What's needed is an exact copy of the lines from the one that contains "Method: estimate 3D box." to the end of the data below, leaving the pictures out.

+ + + + +

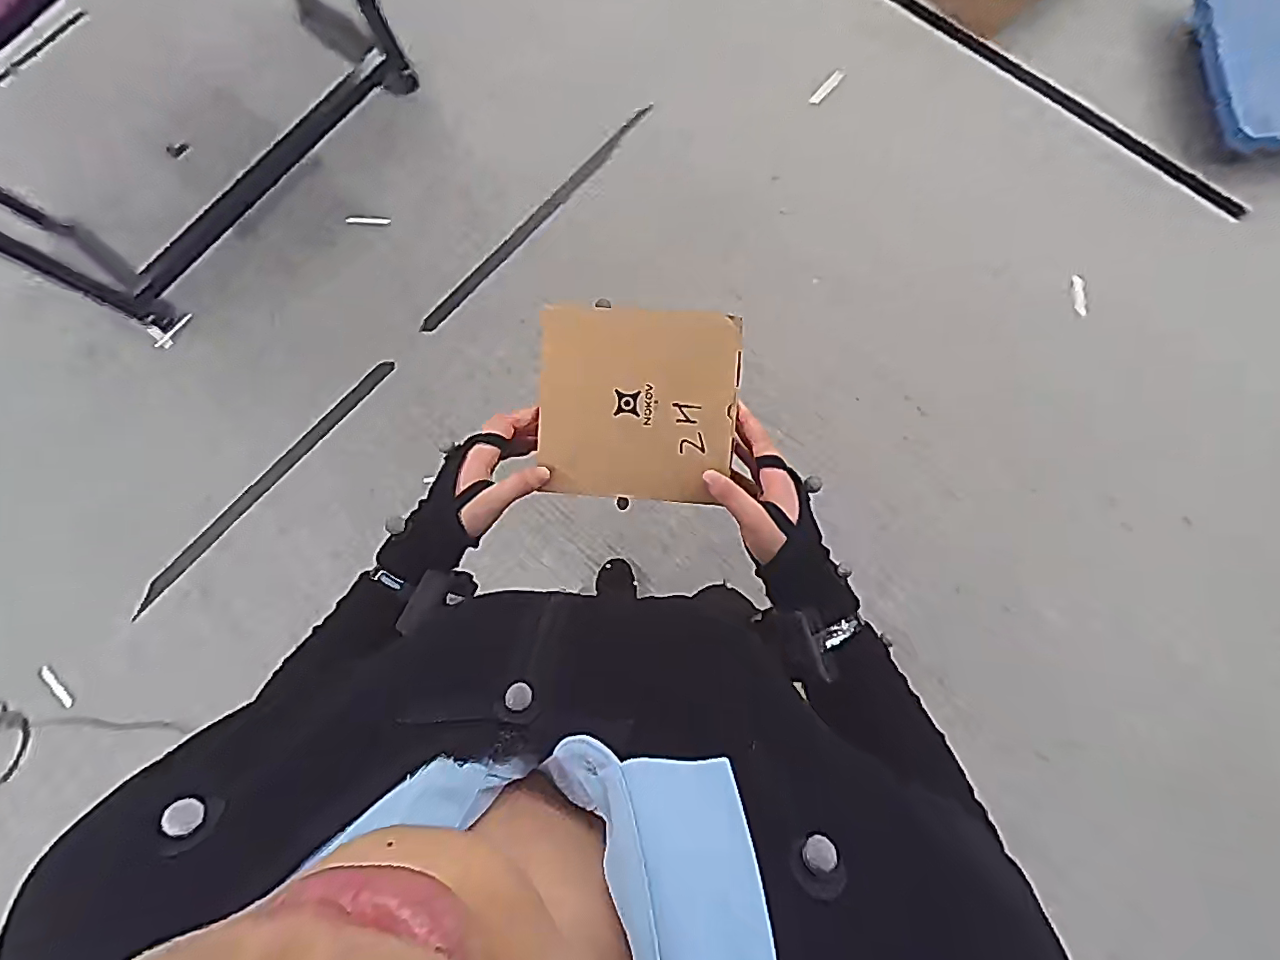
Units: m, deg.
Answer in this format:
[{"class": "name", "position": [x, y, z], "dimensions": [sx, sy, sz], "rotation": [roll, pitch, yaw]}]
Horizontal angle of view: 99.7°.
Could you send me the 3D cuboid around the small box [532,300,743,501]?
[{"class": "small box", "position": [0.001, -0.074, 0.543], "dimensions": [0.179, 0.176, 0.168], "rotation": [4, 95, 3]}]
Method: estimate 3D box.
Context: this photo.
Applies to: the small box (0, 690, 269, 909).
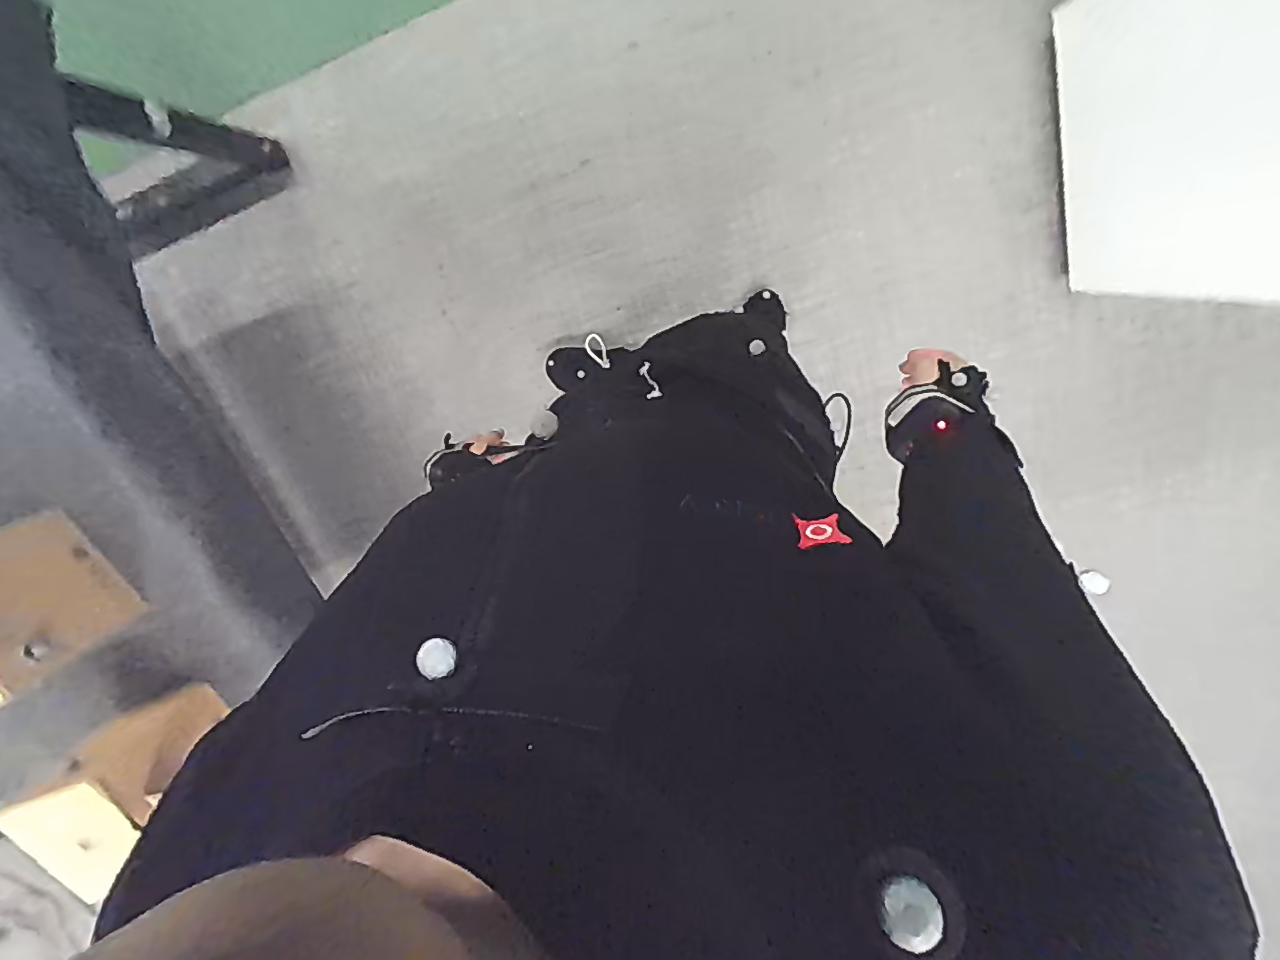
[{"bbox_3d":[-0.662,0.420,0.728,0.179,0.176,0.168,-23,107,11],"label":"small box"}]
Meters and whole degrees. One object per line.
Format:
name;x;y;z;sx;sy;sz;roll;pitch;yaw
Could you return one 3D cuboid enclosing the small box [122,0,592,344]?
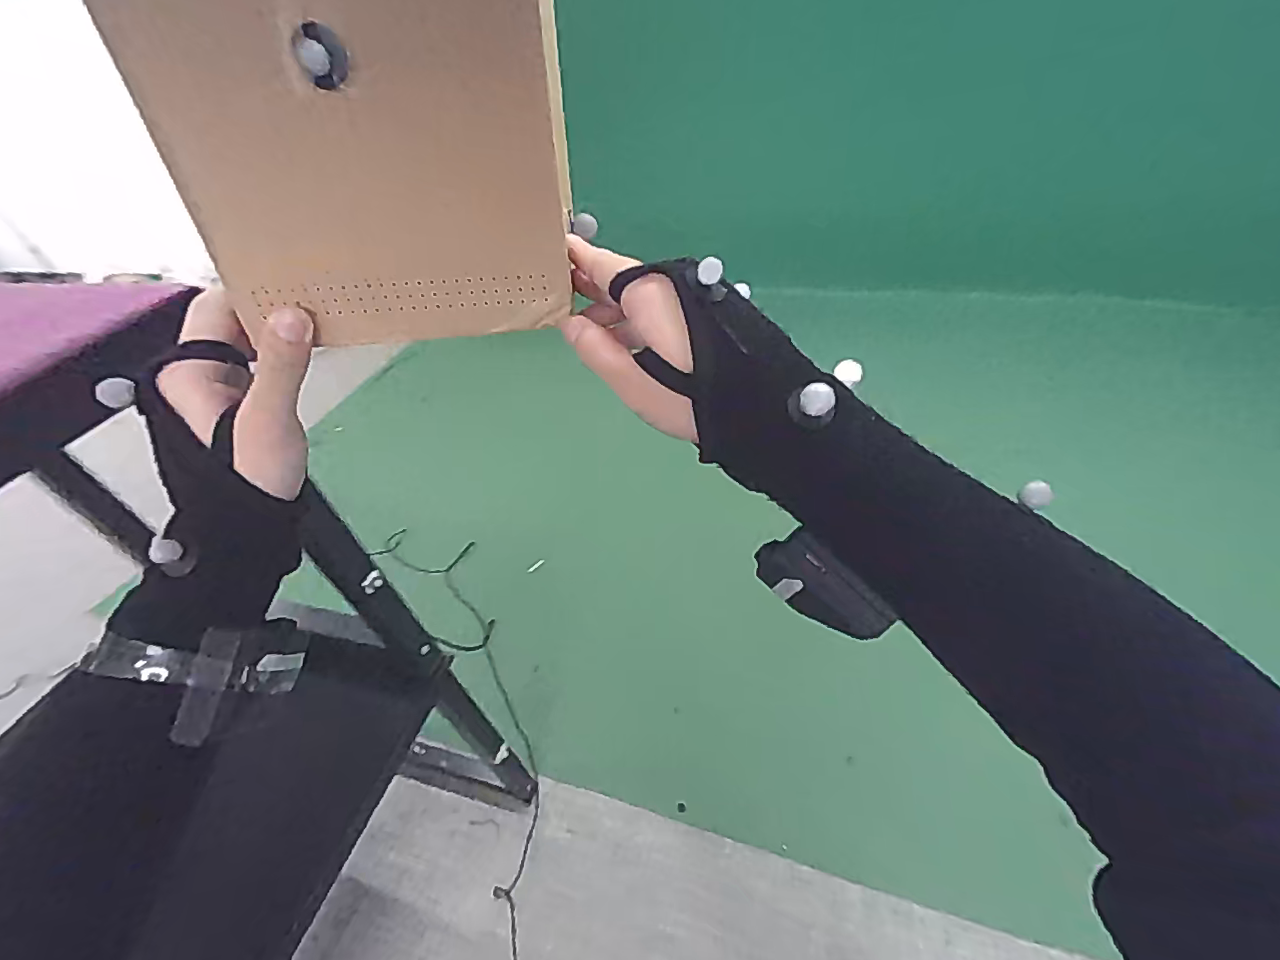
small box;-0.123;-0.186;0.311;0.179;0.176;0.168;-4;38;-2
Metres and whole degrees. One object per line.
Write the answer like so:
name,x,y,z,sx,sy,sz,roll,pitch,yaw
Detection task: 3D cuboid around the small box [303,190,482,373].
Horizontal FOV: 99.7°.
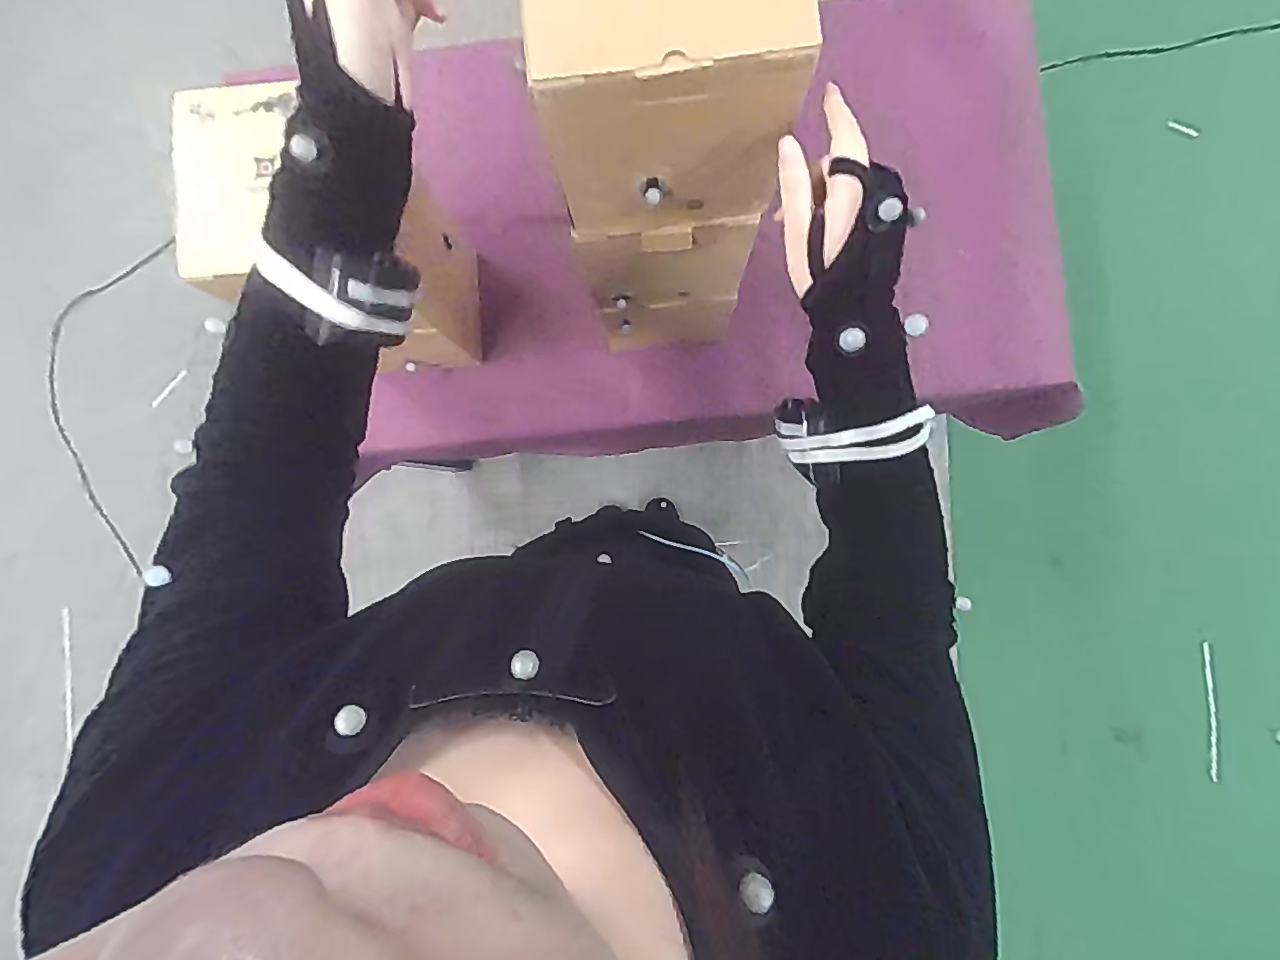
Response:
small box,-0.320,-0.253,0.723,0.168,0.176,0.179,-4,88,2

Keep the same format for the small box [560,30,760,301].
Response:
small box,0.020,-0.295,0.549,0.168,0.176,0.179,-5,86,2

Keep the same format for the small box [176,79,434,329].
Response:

+ + + + +

▶ Your response:
Method: estimate 3D box.
Context: this photo.
Applies to: the small box (0, 690, 269, 909).
[{"bbox_3d":[-0.662,0.420,0.728,0.179,0.176,0.168,-23,107,11],"label":"small box"}]
Meters and whole degrees. One object per line.
Format:
name;x;y;z;sx;sy;sz;roll;pitch;yaw
Could you return one 3D cuboid enclosing the small box [122,0,592,344]?
small box;-0.123;-0.186;0.311;0.179;0.176;0.168;-4;38;-2
Metres and whole degrees. One object per line.
Write the answer like so:
name,x,y,z,sx,sy,sz,roll,pitch,yaw
Detection task: 3D cuboid around the small box [303,190,482,373].
Horizontal FOV: 99.7°.
Response:
small box,-0.320,-0.253,0.723,0.168,0.176,0.179,-4,88,2

Keep the same format for the small box [560,30,760,301].
Response:
small box,0.020,-0.295,0.549,0.168,0.176,0.179,-5,86,2

Keep the same format for the small box [176,79,434,329].
Response:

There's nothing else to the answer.